_Exercise directions_
Do not include the pictures; repeat the rest of the data exactly.

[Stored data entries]
Start of Block
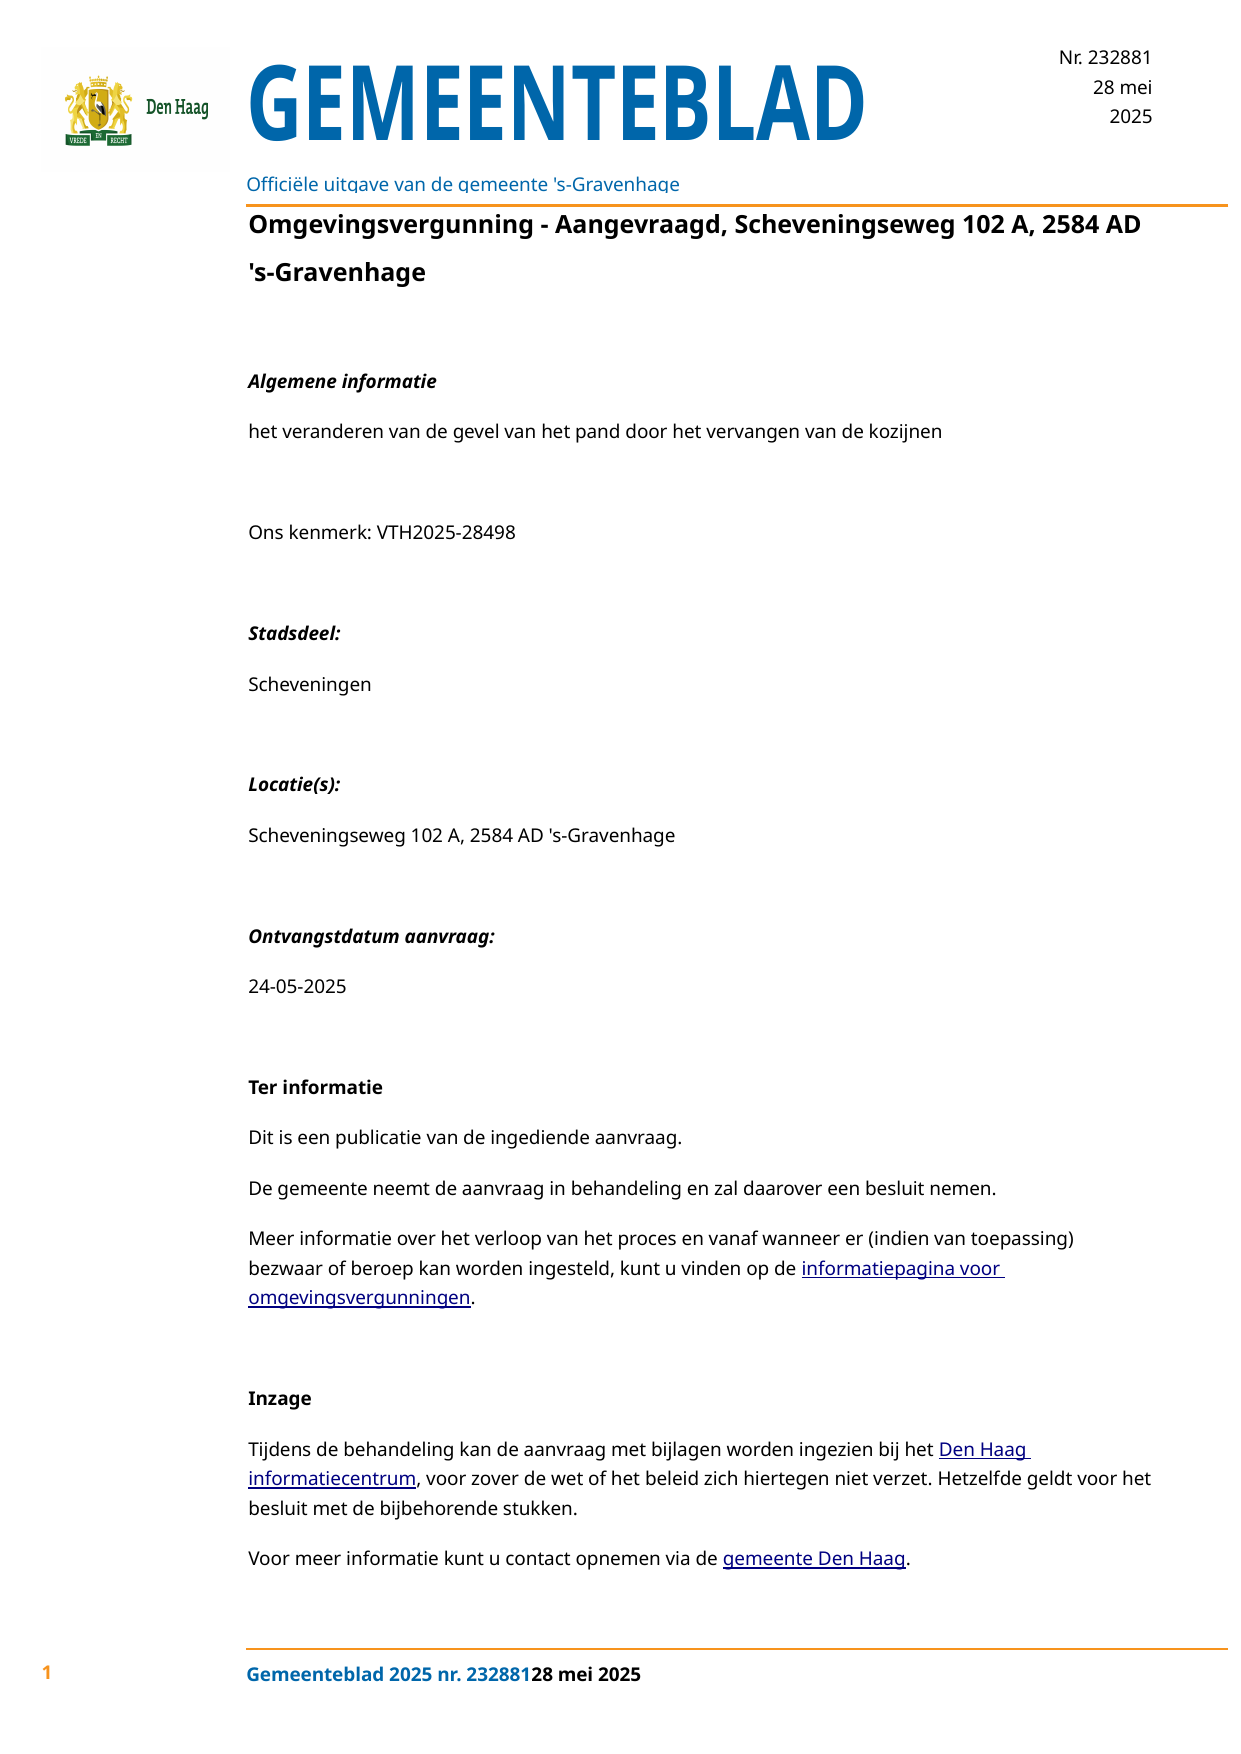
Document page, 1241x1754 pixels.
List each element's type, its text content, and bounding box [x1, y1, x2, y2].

text Ter informatie [248, 1074, 1152, 1100]
text Omgevingsvergunning - Aangevraagd, Scheveningseweg 102 A, 2584 AD 's-Gravenhage [248, 207, 1152, 288]
text Scheveningseweg 102 A, 2584 AD 's-Gravenhage [248, 822, 1152, 848]
text Stadsdeel: [248, 620, 1152, 646]
text Locatie(s): [248, 772, 1152, 797]
text Inzage [248, 1385, 1152, 1411]
text 24-05-2025 [248, 973, 1152, 999]
text Algemene informatie [248, 368, 1152, 394]
text Tijdens de behandeling kan de aanvraag met bijlagen worden ingezien bij het Den Haag informatiecentrum, voor zover de wet of het beleid zich hiertegen niet verzet. Hetzelfde geldt voor het besluit met de bijbehorende stukken. [248, 1436, 1152, 1521]
text het veranderen van de gevel van het pand door het vervangen van de kozijnen [248, 419, 1152, 444]
picture [41, 47, 231, 172]
text Voor meer informatie kunt u contact opnemen via de gemeente Den Haag. [248, 1545, 1152, 1571]
text De gemeente neemt de aanvraag in behandeling en zal daarover een besluit nemen. [248, 1175, 1152, 1201]
text Meer informatie over het verloop van het proces en vanaf wanneer er (indien van toepassing) bezwaar of beroep kan worden ingesteld, kunt u vinden op de informatiepagina voor omgevingsvergunningen. [248, 1225, 1152, 1310]
text Ons kenmerk: VTH2025-28498 [248, 519, 1152, 545]
text Ontvangstdatum aanvraag: [248, 923, 1152, 949]
text Dit is een publicatie van de ingediende aanvraag. [248, 1124, 1152, 1150]
text Scheveningen [248, 671, 1152, 697]
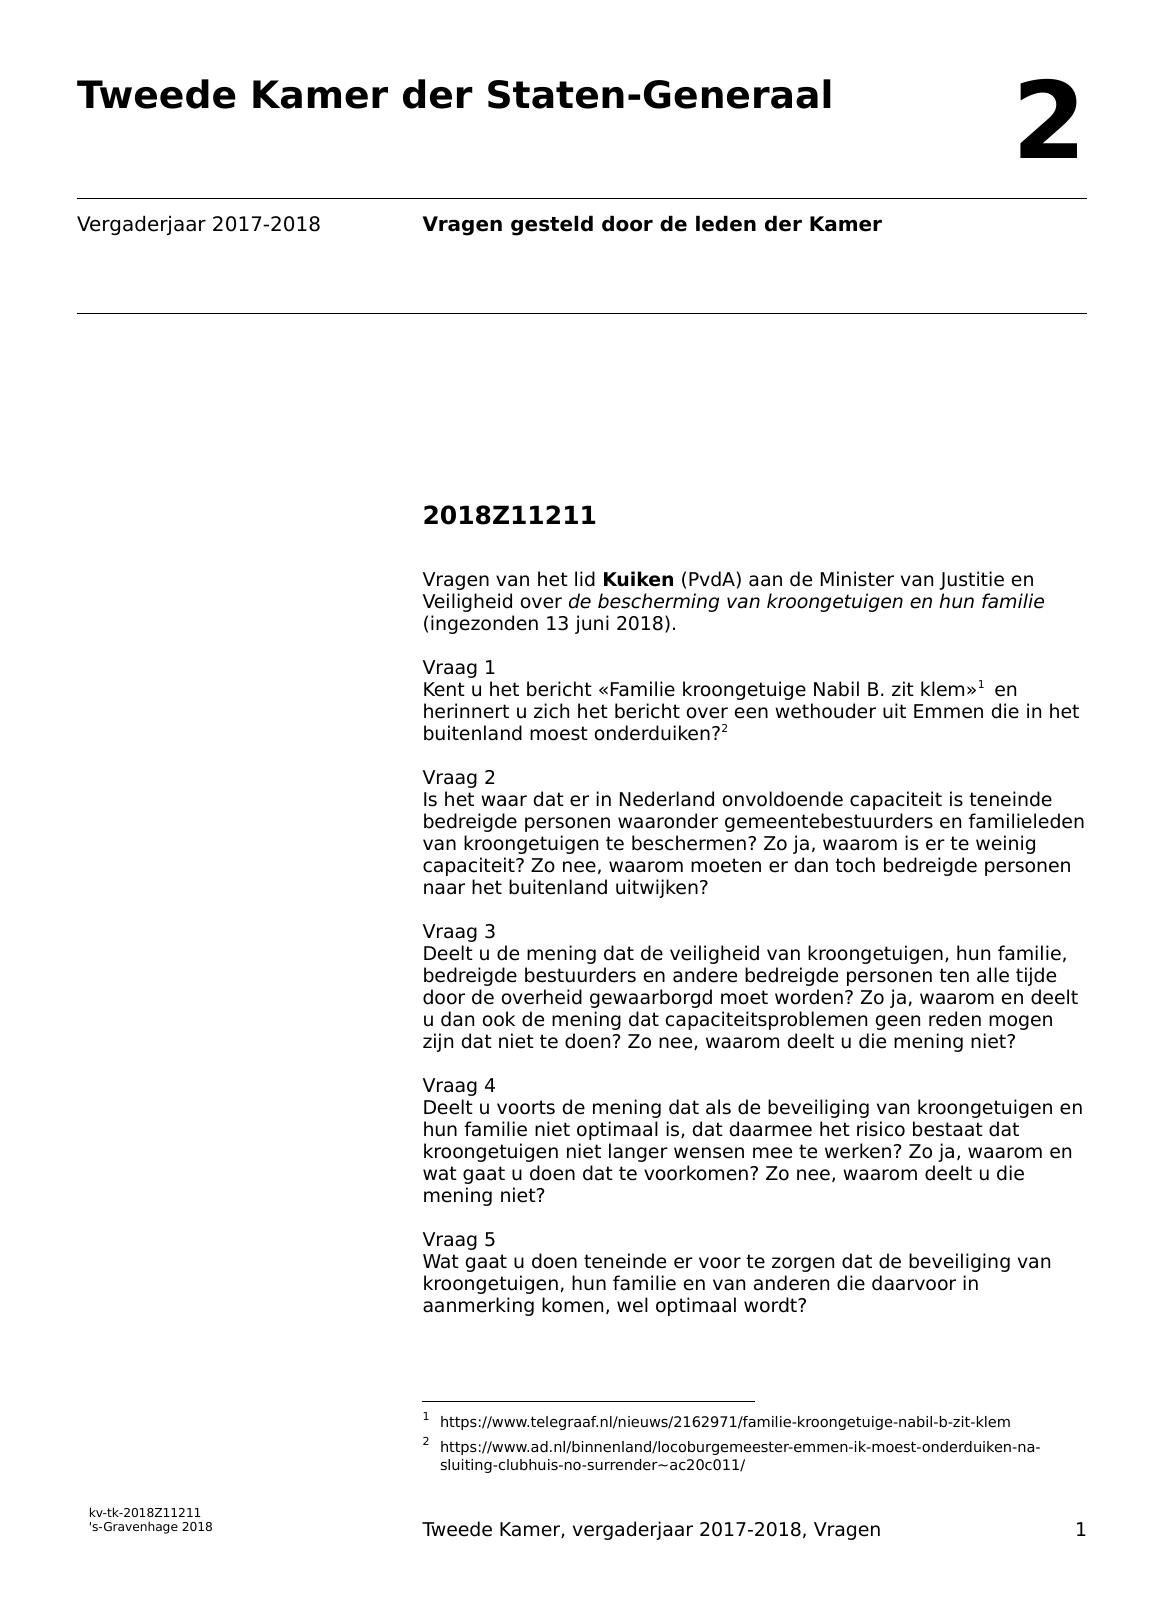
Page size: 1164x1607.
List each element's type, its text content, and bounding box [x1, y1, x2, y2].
End of Block
_Answer to this exercise_
Document page, 1241x1754 pixels.
List each element's type, its text content, and bounding box [x1, y1, x2, y2].

text Ter informatie [248, 1074, 1152, 1100]
text Omgevingsvergunning - Aangevraagd, Scheveningseweg 102 A, 2584 AD 's-Gravenhage [248, 207, 1152, 288]
text Scheveningseweg 102 A, 2584 AD 's-Gravenhage [248, 822, 1152, 848]
text Stadsdeel: [248, 620, 1152, 646]
text Locatie(s): [248, 772, 1152, 797]
text Inzage [248, 1385, 1152, 1411]
text 24-05-2025 [248, 973, 1152, 999]
text Algemene informatie [248, 368, 1152, 394]
text Tijdens de behandeling kan de aanvraag met bijlagen worden ingezien bij het Den Haag informatiecentrum, voor zover de wet of het beleid zich hiertegen niet verzet. Hetzelfde geldt voor het besluit met de bijbehorende stukken. [248, 1436, 1152, 1521]
text het veranderen van de gevel van het pand door het vervangen van de kozijnen [248, 419, 1152, 444]
picture [41, 47, 231, 172]
text Voor meer informatie kunt u contact opnemen via de gemeente Den Haag. [248, 1545, 1152, 1571]
text De gemeente neemt de aanvraag in behandeling en zal daarover een besluit nemen. [248, 1175, 1152, 1201]
text Meer informatie over het verloop van het proces en vanaf wanneer er (indien van toepassing) bezwaar of beroep kan worden ingesteld, kunt u vinden op de informatiepagina voor omgevingsvergunningen. [248, 1225, 1152, 1310]
text Ons kenmerk: VTH2025-28498 [248, 519, 1152, 545]
text Ontvangstdatum aanvraag: [248, 923, 1152, 949]
text Dit is een publicatie van de ingediende aanvraag. [248, 1124, 1152, 1150]
text Scheveningen [248, 671, 1152, 697]
Page size: 1164x1607.
List each element's type, its text content, and bounding box [x1, y1, x2, y2].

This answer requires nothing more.